The pair returned several times to the education issue.
Cooke said Herbert has done what he can for education considering the Great Recession. But it hasn’t been enough.
“You haven’t made the investment. And we have to close the gap” in education funding. “That is the brutal fact.”
“We face a serious detriment. And it won’t go away,” said Cooke.
“We haven’t put education as a priority. Our kids are not prepared. Maybe we shouldn’t have built a six-lane highway in Utah County, but taken a more balanced approach.”
There should be no tax changes in the immediate future, said Herbert – neither tax cuts nor tax hikes.
“Education is not all about money,” Herbert said. There an be improvements in how we teach, “embrace technology, a new way of doing things.”
Cooke said it was the business community, not government or Herbert, who came up with 2020 – an effort to get 66 percent of adults in Utah with some kind of post-high school certificate or education by 2020.
“It is going to take us $2.2 billion just to get to the norm” in educating children, said Cooke. “We can’t kick this can down the road. Bad news doesn’t get better with time. We have to face it. I’m prepared to do so.”
Several times it was the Democrat Cooke who pointed to Mitt Romney – well loved in Utah – as leading the way as Massachusetts governor in working across the aisle to find state solutions.
Herbert smiled when Cooke said this, perhaps seeing it as a poor attempt to gain some link to the Republican presidential candidate.
Government works best when there is a meaningful opposition, said Cooke, a counter-balance in this case to 33 years since there was a Democratic governor to face off with a Republican Utah Legislature.
“We’ve had 33 years” of Republican governors, “and education has not improved.
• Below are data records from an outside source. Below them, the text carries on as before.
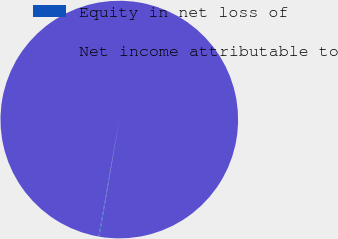Convert chart to OTSL. <chart><loc_0><loc_0><loc_500><loc_500><pie_chart><fcel>Equity in net loss of<fcel>Net income attributable to<nl><fcel>0.12%<fcel>99.88%<nl></chart> 
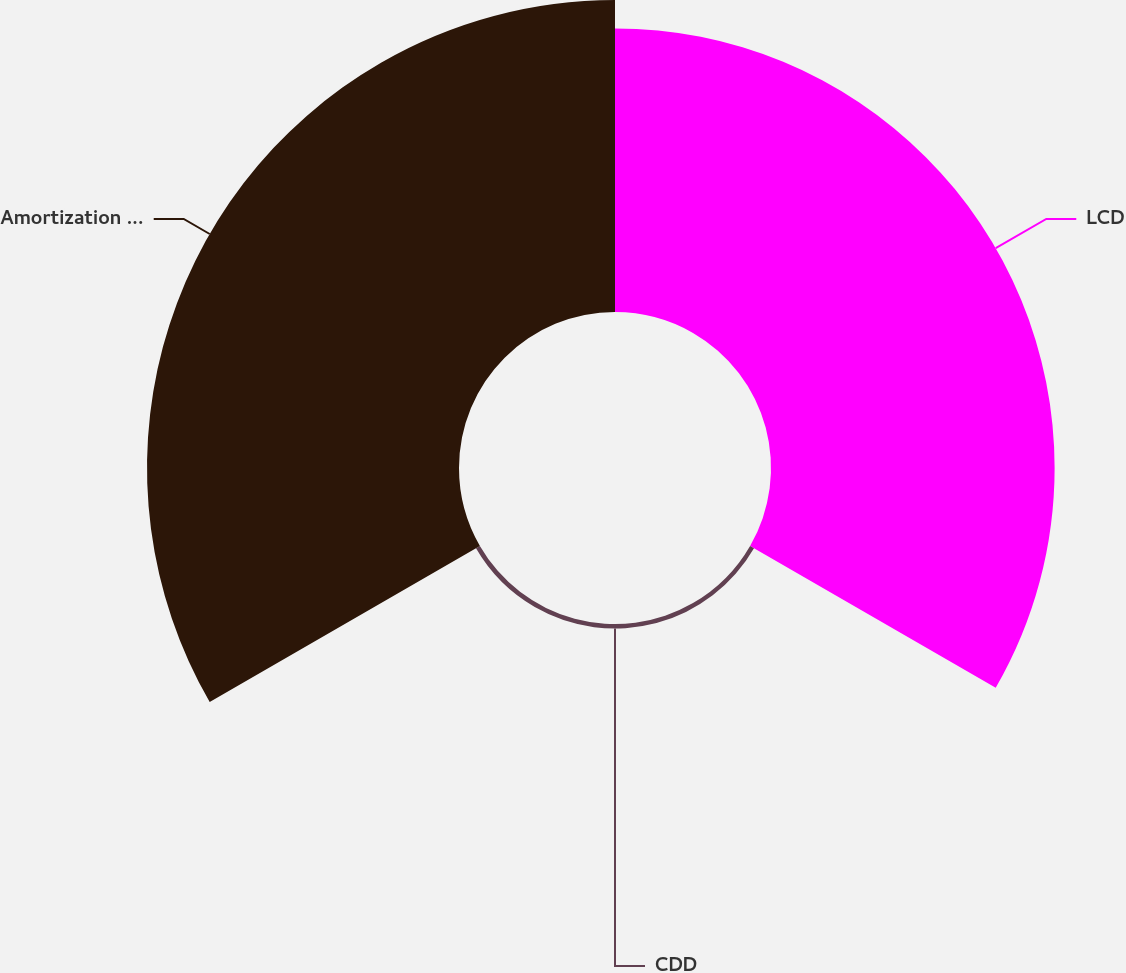Convert chart. <chart><loc_0><loc_0><loc_500><loc_500><pie_chart><fcel>LCD<fcel>CDD<fcel>Amortization of intangibles<nl><fcel>47.26%<fcel>0.75%<fcel>51.99%<nl></chart> 
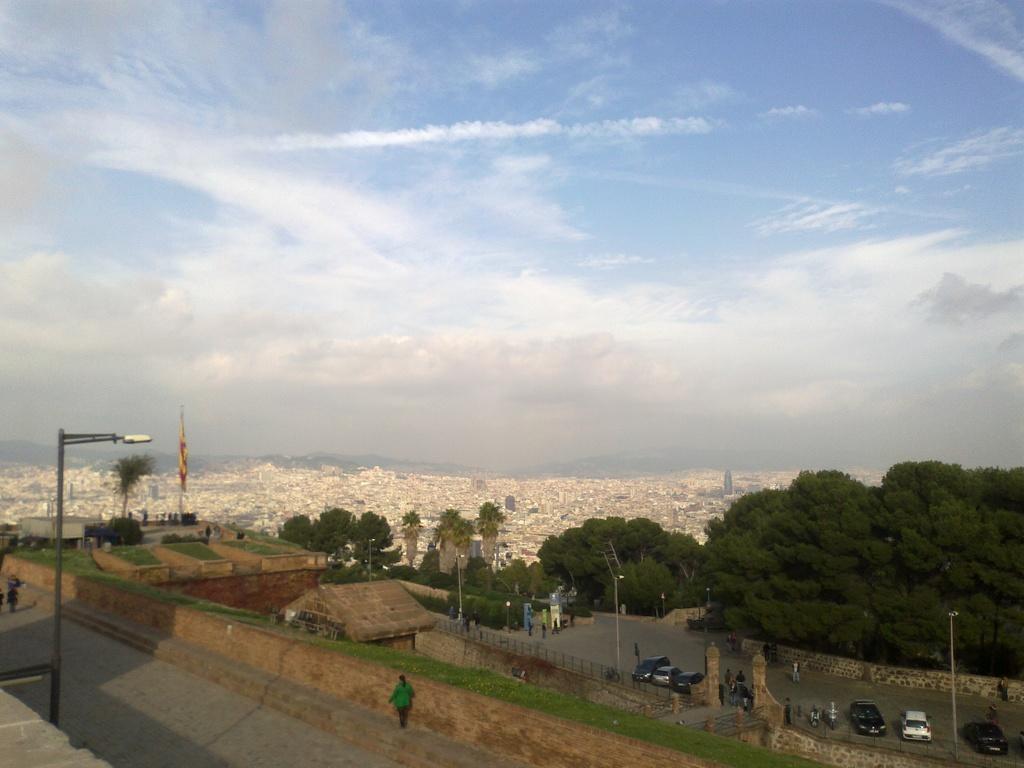Could you give a brief overview of what you see in this image? This is the picture of a city. In this image there are buildings and trees. In the foreground there is a flag and there are street lights and there are vehicles on the road and there are group of people on the road and there is a railing. At the top there is sky and there are clouds. At the bottom there is a road and there is grass. 
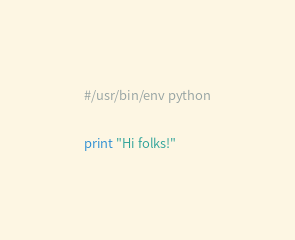<code> <loc_0><loc_0><loc_500><loc_500><_Python_>#/usr/bin/env python

print "Hi folks!"
</code> 
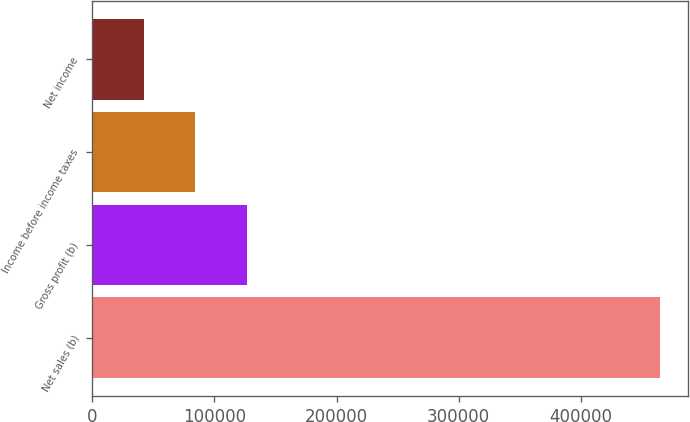<chart> <loc_0><loc_0><loc_500><loc_500><bar_chart><fcel>Net sales (b)<fcel>Gross profit (b)<fcel>Income before income taxes<fcel>Net income<nl><fcel>464755<fcel>126712<fcel>84456.4<fcel>42201<nl></chart> 
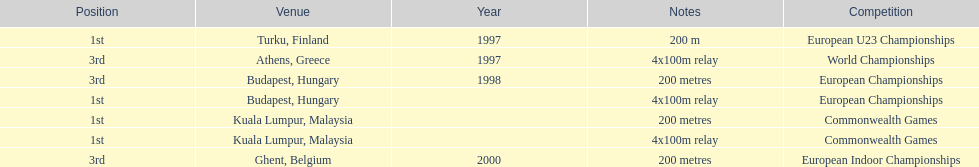Parse the full table. {'header': ['Position', 'Venue', 'Year', 'Notes', 'Competition'], 'rows': [['1st', 'Turku, Finland', '1997', '200 m', 'European U23 Championships'], ['3rd', 'Athens, Greece', '1997', '4x100m relay', 'World Championships'], ['3rd', 'Budapest, Hungary', '1998', '200 metres', 'European Championships'], ['1st', 'Budapest, Hungary', '', '4x100m relay', 'European Championships'], ['1st', 'Kuala Lumpur, Malaysia', '', '200 metres', 'Commonwealth Games'], ['1st', 'Kuala Lumpur, Malaysia', '', '4x100m relay', 'Commonwealth Games'], ['3rd', 'Ghent, Belgium', '2000', '200 metres', 'European Indoor Championships']]} How many 4x 100m relays were run? 3. 
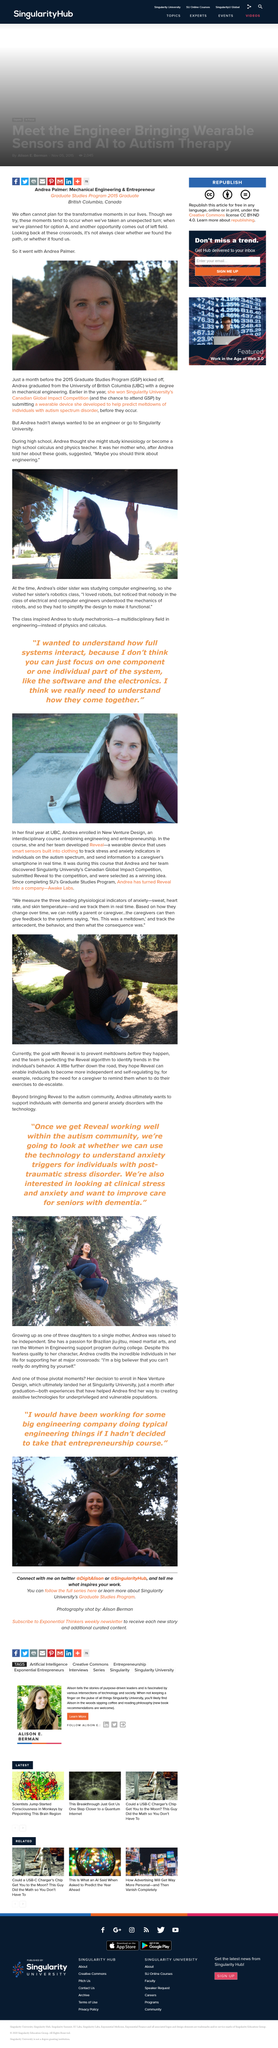Specify some key components in this picture. We, at Reveal, aspire to empower individuals by enabling them to become more independent and self-regulating. Andrea was raised to be independent, and as a result, she is self-reliant and confident in her abilities. The depiction of Andrea is present in the photo. Andrea graduated from the University of British Columbia just a month before the 2015 Graduate Studies Program began. The person who has a passion for Brazilian jiu-jitsu has landed at Singularity University.

We need a change. Opposition discussion is the best thing for our state,” said Cooke.
Herbert said he, working with the GOP Legislature, have “turned things around in Utah.”
Don’t believe him or Cooke – “we will say anything” – look at outside groups, like Forbes and Fortune magazines, who rank Utah as the best place to do business.
Look at the Gallup Poll, which has been testing across the United States and says that Utah “is easily the best place in America to be. That’s the reason I’m optimistic about Utah.”